__Exercise requirements__.
Look through the records that follow and state how many lines hold the word "oriented", without adding anything.

__Records shown__.
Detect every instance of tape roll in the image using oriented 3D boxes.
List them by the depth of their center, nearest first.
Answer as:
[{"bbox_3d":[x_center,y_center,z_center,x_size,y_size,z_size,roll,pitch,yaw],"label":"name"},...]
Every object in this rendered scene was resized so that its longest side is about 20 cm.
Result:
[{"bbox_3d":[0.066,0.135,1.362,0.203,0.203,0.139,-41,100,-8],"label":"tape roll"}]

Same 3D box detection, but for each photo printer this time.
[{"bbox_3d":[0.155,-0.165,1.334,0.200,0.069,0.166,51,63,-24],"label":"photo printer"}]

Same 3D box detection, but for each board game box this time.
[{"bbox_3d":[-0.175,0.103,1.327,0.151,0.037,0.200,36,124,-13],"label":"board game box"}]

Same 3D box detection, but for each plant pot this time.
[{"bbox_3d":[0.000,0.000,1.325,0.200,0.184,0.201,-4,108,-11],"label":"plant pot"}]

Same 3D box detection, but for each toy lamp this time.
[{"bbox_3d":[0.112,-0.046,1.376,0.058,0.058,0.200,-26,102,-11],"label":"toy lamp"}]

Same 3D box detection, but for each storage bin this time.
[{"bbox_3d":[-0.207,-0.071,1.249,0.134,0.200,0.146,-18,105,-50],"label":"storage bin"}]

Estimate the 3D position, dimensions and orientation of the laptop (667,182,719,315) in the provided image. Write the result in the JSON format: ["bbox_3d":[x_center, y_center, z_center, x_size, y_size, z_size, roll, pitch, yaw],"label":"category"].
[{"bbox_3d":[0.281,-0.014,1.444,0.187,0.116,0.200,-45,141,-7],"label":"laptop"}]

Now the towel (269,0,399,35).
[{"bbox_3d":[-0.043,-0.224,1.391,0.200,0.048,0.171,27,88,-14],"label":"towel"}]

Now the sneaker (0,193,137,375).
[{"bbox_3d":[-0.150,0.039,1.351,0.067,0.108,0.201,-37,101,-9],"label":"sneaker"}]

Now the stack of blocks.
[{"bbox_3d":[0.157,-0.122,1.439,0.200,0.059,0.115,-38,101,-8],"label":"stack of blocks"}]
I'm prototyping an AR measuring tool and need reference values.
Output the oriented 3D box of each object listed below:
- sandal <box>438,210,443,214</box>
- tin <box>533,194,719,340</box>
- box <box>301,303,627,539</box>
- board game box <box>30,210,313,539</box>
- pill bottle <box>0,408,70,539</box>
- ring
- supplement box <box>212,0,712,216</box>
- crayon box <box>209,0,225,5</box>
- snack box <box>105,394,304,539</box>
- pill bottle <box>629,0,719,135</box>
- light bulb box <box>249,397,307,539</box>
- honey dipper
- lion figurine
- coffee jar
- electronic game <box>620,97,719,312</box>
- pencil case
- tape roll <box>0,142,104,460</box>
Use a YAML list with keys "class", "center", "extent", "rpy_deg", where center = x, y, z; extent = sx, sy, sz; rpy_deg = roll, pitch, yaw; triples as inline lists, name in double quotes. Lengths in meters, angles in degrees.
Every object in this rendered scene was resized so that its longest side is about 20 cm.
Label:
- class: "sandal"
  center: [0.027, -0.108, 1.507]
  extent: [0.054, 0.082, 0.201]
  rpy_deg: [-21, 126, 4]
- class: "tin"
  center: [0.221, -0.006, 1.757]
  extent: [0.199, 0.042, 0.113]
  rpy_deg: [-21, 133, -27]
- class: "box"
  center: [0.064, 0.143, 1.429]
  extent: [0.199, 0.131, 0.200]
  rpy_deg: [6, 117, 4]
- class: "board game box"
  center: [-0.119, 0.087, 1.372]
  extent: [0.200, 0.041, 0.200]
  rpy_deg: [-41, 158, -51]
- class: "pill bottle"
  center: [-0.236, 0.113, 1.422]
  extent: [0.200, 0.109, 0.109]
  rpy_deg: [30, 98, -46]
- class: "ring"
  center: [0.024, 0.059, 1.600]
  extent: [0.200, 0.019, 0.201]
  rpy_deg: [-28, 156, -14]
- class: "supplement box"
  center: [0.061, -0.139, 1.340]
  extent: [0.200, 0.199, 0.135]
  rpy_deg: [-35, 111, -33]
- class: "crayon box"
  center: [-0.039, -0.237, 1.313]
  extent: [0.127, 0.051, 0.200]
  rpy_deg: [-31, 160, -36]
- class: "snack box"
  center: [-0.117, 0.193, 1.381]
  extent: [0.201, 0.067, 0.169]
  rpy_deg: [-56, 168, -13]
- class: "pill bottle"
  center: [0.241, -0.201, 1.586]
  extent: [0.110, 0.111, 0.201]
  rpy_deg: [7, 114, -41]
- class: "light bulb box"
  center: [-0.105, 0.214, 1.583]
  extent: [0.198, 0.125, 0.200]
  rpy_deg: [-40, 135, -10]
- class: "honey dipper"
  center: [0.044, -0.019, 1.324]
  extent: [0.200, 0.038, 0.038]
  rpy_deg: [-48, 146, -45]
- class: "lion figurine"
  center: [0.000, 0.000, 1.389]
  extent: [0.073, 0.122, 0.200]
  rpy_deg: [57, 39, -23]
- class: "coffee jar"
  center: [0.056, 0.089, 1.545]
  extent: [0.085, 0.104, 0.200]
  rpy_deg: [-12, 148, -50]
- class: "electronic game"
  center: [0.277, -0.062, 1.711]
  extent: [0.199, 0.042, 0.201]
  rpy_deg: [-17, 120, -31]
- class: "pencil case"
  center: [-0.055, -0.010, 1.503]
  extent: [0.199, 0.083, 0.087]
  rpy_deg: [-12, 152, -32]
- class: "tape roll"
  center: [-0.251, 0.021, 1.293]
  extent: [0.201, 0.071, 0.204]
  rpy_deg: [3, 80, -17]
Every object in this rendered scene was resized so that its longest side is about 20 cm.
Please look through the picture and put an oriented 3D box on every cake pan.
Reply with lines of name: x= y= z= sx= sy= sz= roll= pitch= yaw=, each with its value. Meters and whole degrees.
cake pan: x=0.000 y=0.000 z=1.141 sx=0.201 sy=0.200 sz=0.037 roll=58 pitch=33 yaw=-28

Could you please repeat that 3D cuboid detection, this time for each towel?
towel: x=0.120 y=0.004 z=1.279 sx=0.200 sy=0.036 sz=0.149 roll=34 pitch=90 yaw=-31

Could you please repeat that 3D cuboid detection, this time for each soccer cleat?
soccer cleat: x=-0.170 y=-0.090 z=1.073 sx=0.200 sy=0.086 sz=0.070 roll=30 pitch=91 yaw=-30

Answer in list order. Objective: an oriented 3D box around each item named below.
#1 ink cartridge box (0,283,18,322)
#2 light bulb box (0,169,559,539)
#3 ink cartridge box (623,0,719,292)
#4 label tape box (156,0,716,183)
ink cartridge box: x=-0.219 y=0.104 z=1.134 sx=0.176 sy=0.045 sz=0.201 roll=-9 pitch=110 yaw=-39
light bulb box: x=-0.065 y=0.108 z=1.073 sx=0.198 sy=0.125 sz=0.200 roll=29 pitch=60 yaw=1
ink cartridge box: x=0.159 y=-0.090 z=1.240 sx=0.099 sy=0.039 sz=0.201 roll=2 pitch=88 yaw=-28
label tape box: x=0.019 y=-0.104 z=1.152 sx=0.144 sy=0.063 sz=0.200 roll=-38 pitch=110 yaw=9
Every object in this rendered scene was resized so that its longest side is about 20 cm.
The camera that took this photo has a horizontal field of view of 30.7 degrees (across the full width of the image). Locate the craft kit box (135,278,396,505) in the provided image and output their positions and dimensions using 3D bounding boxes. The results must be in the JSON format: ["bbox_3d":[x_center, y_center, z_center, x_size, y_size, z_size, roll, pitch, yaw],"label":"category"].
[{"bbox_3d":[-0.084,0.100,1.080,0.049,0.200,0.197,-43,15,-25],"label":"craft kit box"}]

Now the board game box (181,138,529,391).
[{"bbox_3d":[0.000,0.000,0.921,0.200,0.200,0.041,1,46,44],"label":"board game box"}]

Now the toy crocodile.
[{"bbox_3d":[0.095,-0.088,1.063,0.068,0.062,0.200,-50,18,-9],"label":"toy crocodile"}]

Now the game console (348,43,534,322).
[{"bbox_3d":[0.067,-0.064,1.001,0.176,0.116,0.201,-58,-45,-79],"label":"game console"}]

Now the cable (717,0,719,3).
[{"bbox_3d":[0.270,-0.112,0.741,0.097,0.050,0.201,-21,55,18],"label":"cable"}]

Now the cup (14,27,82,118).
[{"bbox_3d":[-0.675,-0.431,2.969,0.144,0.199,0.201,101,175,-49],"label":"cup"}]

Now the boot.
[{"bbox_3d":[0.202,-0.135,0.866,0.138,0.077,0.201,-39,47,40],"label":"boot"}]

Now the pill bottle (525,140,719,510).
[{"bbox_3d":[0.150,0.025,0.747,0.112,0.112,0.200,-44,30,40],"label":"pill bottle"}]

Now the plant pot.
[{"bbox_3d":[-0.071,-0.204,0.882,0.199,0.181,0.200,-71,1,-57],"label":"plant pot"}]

__Worked solution__.
4